The Office of Hawaiian Affairs (OHA) Budget and Finance Committee on Oct. 15, 2025 approved a series of event sponsorship requests from Hawaiian cultural and community organizations for events scheduled in early 2026, while deferring one application for additional vetting.
Committee members heard in-person and virtual testimony from representatives of community organizations and considered staff recommendations before voting. Trustees repeatedly emphasized cultural value and community impact when supporting requests and asked administration to track the outreach and in-kind benefits OHA receives for its sponsorships.

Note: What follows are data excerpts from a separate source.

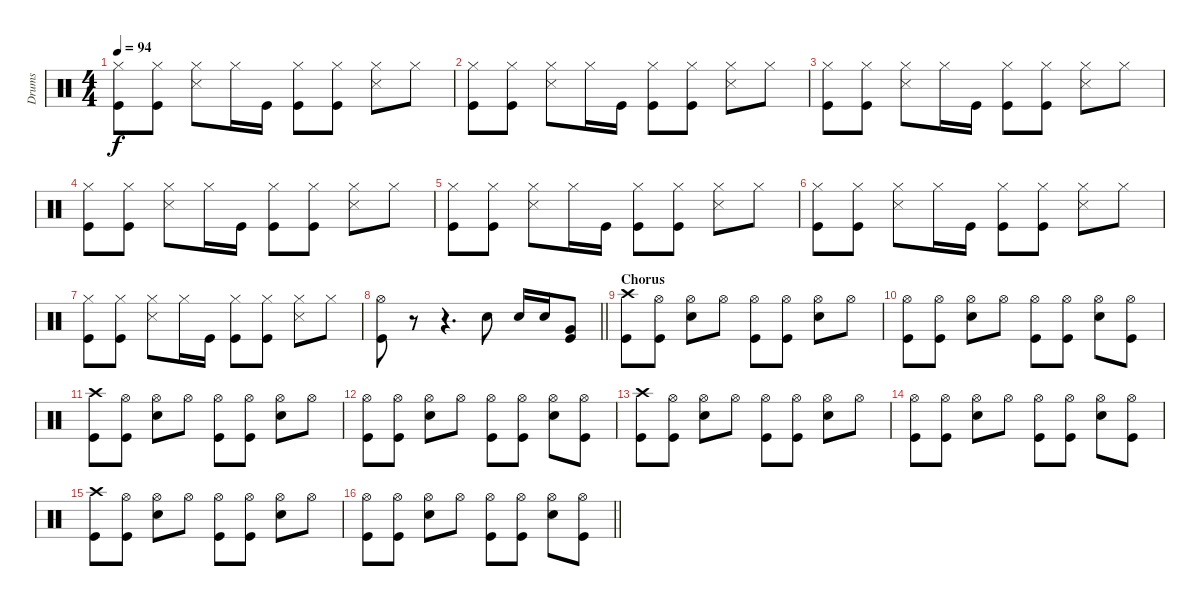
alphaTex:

\track ("Drums" "Drums") {instrument percussion}
\staff {score}
\articulation defaults
\ts (4 4)
\tempo 94
\clef neutral
\ks c
("Hi-Hat (closed)" "Kick (hit)").8{dy f} ("Hi-Hat (closed)" "Kick (hit)").8 ("Hi-Hat (closed)" "Snare (side stick) 3").8 "Hi-Hat (closed)".16 "Kick (hit)".16 ("Hi-Hat (closed)" "Kick (hit)").8 ("Hi-Hat (closed)" "Kick (hit)").8 ("Hi-Hat (closed)" "Snare (side stick) 3").8 "Hi-Hat (closed)".8 |
("Hi-Hat (closed)" "Kick (hit)").8 ("Hi-Hat (closed)" "Kick (hit)").8 ("Hi-Hat (closed)" "Snare (side stick) 3").8 "Hi-Hat (closed)".16 "Kick (hit)".16 ("Hi-Hat (closed)" "Kick (hit)").8 ("Hi-Hat (closed)" "Kick (hit)").8 ("Hi-Hat (closed)" "Snare (side stick) 3").8 "Hi-Hat (closed)".8 |
("Hi-Hat (closed)" "Kick (hit)").8 ("Hi-Hat (closed)" "Kick (hit)").8 ("Hi-Hat (closed)" "Snare (side stick) 3").8 "Hi-Hat (closed)".16 "Kick (hit)".16 ("Hi-Hat (closed)" "Kick (hit)").8 ("Hi-Hat (closed)" "Kick (hit)").8 ("Hi-Hat (closed)" "Snare (side stick) 3").8 "Hi-Hat (closed)".8 |
("Hi-Hat (closed)" "Kick (hit)").8 ("Hi-Hat (closed)" "Kick (hit)").8 ("Hi-Hat (closed)" "Snare (side stick) 3").8 "Hi-Hat (closed)".16 "Kick (hit)".16 ("Hi-Hat (closed)" "Kick (hit)").8 ("Hi-Hat (closed)" "Kick (hit)").8 ("Hi-Hat (closed)" "Snare (side stick) 3").8 "Hi-Hat (closed)".8 |
("Hi-Hat (closed)" "Kick (hit)").8 ("Hi-Hat (closed)" "Kick (hit)").8 ("Hi-Hat (closed)" "Snare (side stick) 3").8 "Hi-Hat (closed)".16 "Kick (hit)".16 ("Hi-Hat (closed)" "Kick (hit)").8 ("Hi-Hat (closed)" "Kick (hit)").8 ("Hi-Hat (closed)" "Snare (side stick) 3").8 "Hi-Hat (closed)".8 |
("Hi-Hat (closed)" "Kick (hit)").8 ("Hi-Hat (closed)" "Kick (hit)").8 ("Hi-Hat (closed)" "Snare (side stick) 3").8 "Hi-Hat (closed)".16 "Kick (hit)".16 ("Hi-Hat (closed)" "Kick (hit)").8 ("Hi-Hat (closed)" "Kick (hit)").8 ("Hi-Hat (closed)" "Snare (side stick) 3").8 "Hi-Hat (closed)".8 |
("Hi-Hat (closed)" "Kick (hit)").8 ("Hi-Hat (closed)" "Kick (hit)").8 ("Hi-Hat (closed)" "Snare (side stick) 3").8 "Hi-Hat (closed)".16 "Kick (hit)".16 ("Hi-Hat (closed)" "Kick (hit)").8 ("Hi-Hat (closed)" "Kick (hit)").8 ("Hi-Hat (closed)" "Snare (side stick) 3").8 "Hi-Hat (closed)".8 |
\barLineRight lightlight
("Hi-Hat (open)" "Kick (hit)").8 r.8 r.4{d} "Snare (hit) 2".8 "Snare (hit) 2".16 "Snare (hit) 2".16 ("Very Low Tom (hit)" "Kick (hit)").8 |
\section ("" "Chorus")
("Crash high (hit)" "Kick (hit)").8 ("Hi-Hat (open)" "Kick (hit)").8 ("Hi-Hat (open)" "Snare (hit) 2").8 "Hi-Hat (open)".8 ("Hi-Hat (open)" "Kick (hit)").8 ("Hi-Hat (open)" "Kick (hit)").8 ("Hi-Hat (open)" "Snare (hit) 2").8 "Hi-Hat (open)".8 |
("Hi-Hat (open)" "Kick (hit)").8 ("Hi-Hat (open)" "Kick (hit)").8 ("Hi-Hat (open)" "Snare (hit) 2").8 "Hi-Hat (open)".8 ("Hi-Hat (open)" "Kick (hit)").8 ("Hi-Hat (open)" "Kick (hit)").8 ("Hi-Hat (open)" "Snare (hit) 2").8 ("Hi-Hat (open)" "Kick (hit)").8 |
("Crash high (hit)" "Kick (hit)").8 ("Hi-Hat (open)" "Kick (hit)").8 ("Hi-Hat (open)" "Snare (hit) 2").8 "Hi-Hat (open)".8 ("Hi-Hat (open)" "Kick (hit)").8 ("Hi-Hat (open)" "Kick (hit)").8 ("Hi-Hat (open)" "Snare (hit) 2").8 "Hi-Hat (open)".8 |
("Hi-Hat (open)" "Kick (hit)").8 ("Hi-Hat (open)" "Kick (hit)").8 ("Hi-Hat (open)" "Snare (hit) 2").8 "Hi-Hat (open)".8 ("Hi-Hat (open)" "Kick (hit)").8 ("Hi-Hat (open)" "Kick (hit)").8 ("Hi-Hat (open)" "Snare (hit) 2").8 ("Hi-Hat (open)" "Kick (hit)").8 |
("Crash high (hit)" "Kick (hit)").8 ("Hi-Hat (open)" "Kick (hit)").8 ("Hi-Hat (open)" "Snare (hit) 2").8 "Hi-Hat (open)".8 ("Hi-Hat (open)" "Kick (hit)").8 ("Hi-Hat (open)" "Kick (hit)").8 ("Hi-Hat (open)" "Snare (hit) 2").8 "Hi-Hat (open)".8 |
("Hi-Hat (open)" "Kick (hit)").8 ("Hi-Hat (open)" "Kick (hit)").8 ("Hi-Hat (open)" "Snare (hit) 2").8 "Hi-Hat (open)".8 ("Hi-Hat (open)" "Kick (hit)").8 ("Hi-Hat (open)" "Kick (hit)").8 ("Hi-Hat (open)" "Snare (hit) 2").8 ("Hi-Hat (open)" "Kick (hit)").8 |
("Crash high (hit)" "Kick (hit)").8 ("Hi-Hat (open)" "Kick (hit)").8 ("Hi-Hat (open)" "Snare (hit) 2").8 "Hi-Hat (open)".8 ("Hi-Hat (open)" "Kick (hit)").8 ("Hi-Hat (open)" "Kick (hit)").8 ("Hi-Hat (open)" "Snare (hit) 2").8 "Hi-Hat (open)".8 |
\barLineRight lightlight
("Hi-Hat (open)" "Kick (hit)").8 ("Hi-Hat (open)" "Kick (hit)").8 ("Hi-Hat (open)" "Snare (hit) 2").8 "Hi-Hat (open)".8 ("Hi-Hat (open)" "Kick (hit)").8 ("Hi-Hat (open)" "Kick (hit)").8 ("Hi-Hat (open)" "Snare (hit) 2").8 ("Hi-Hat (open)" "Kick (hit)").8

The committee approved sponsorship requests that included cultural festivals, Makahiki events, a Brighter Futures Gala fundraiser and a 5K language event. Testimony described events as intergenerational cultural gatherings, school partnerships and fundraisers for homelessness services and local stewardship. Several testifiers described programming that involved schools, kupuna and cultural practitioners and emphasized the role of the events in language and cultural continuity.
The committee deferred one application — a local Makahiki event that had scored just below thresholds for higher funding — asking staff to bring updated scoring and administrative recommendations to the Oct. 29 committee meeting so trustees could consider a larger award. Trustees also requested staff produce a simple tracking spreadsheet listing each sponsored event, the in-kind benefits (tables, speaking slots, logo placement), and recommended OHA representatives so the agency can better realize the outreach value tied to each sponsorship.
Votes at a glance
- BF25-86: Kamalakai Makahiki Inc., “Ka Molokai Makahiki 2026,” Jan. 22–24, 2026 — requested $11,250; approved after testimony from Dr. Pula Malima, board president of Kamalakai Makahiki.
- BF25-87: Learning Center / Makahiki Makapole, Jan. 31, 2026 — requested $5,500; deferred to Oct. 29, 2025 for re-scoring and additional justification (trustees asked staff for updated evaluation forms).
- BF25-88: The Kohala Center Inc., “La Kalo” (Molokai), Jan. 31, 2026 — requested $11,250; approved following testimony describing native food-forest and cultural stewardship activities.
- BF25-89: Family Promise of Hawai‘i, “Brighter Futures Gala,” Feb. 12, 2026 — requested $10,000; approved. Family Promise clarified the gala is a donor fundraiser; the organization agreed to add an opportunity for an OHA speaker.
- BF25-90: Pacific Whale Foundation, “Mālama I Nā Kohala” (Feb. 2026) — requested $7,000; approved. The foundation described research, education and community engagement components.
- BF25-91: OLA (Ola 5K), Feb. 22, 2026 — requested $10,000; approved after testimony on language-normalization goals and community immersion activities for Hawaiian Language Month.
- BF25-92: Nurture Cultivate Inc., “Panina Makahiki,” Feb. 28, 2026 — requested $15,000; approved. Testimony described Hawaiian-language immersion activities and cultural practitioners participating at Turtle Bay.
- BF25-93: Friends of King Kaumuali‘i, “Honoring Ancestors and Planting the Future,” Mar. 6–1?, 2026 — requested $14,400; approved. Testimony described community healing, resource tables and native plant restoration at Pa‘ula‘ula (Fort Elizabeth) sites on Kaua‘i.
- BF25-94: Hoʻʻolehua Homesteaders Association, Prince Kūhiō play and lu‘au (Moloka‘i), Mar. 14, 2026 — requested $5,000; approved.
- BF25-95: Wai‘anae Coast Community Foundation, Prince Kūhiō Kalani‘ōpu‘u Festival, Mar. 21, 2026 — requested $15,000; approved.
Why it matters
The sponsorships fund gatherings that trustees and presenters said support cultural continuity, community cohesion and locally rooted services (such as homelessness prevention and environmental education). Trustees asked staff to document the specific public-facing deliverables (speaking slots, tables, logo usage, registration tables) so OHA can track the agency’s visibility and outreach benefits tied to each monetary award.
What trustees asked staff to do next
Trustees requested that grants and community-engagement staff: (1) deliver updated scoring sheets for any deferred items by Oct. 29, (2) prepare a living spreadsheet that lists each sponsored event, the exact in-kind deliverables requested and promised by recipients and (3) propose a plan to allocate trustee or staff representation at selected events so OHA’s presence is consistent with sponsorship commitments.
Evidence supporting this report
Committee discussion and the reader for BF25-86 opened the sponsorship series; multiple community testifiers provided testimony across the subsequent agenda items, and the final trustee remarks summarized the sponsorship package before the committee moved on to other agenda items.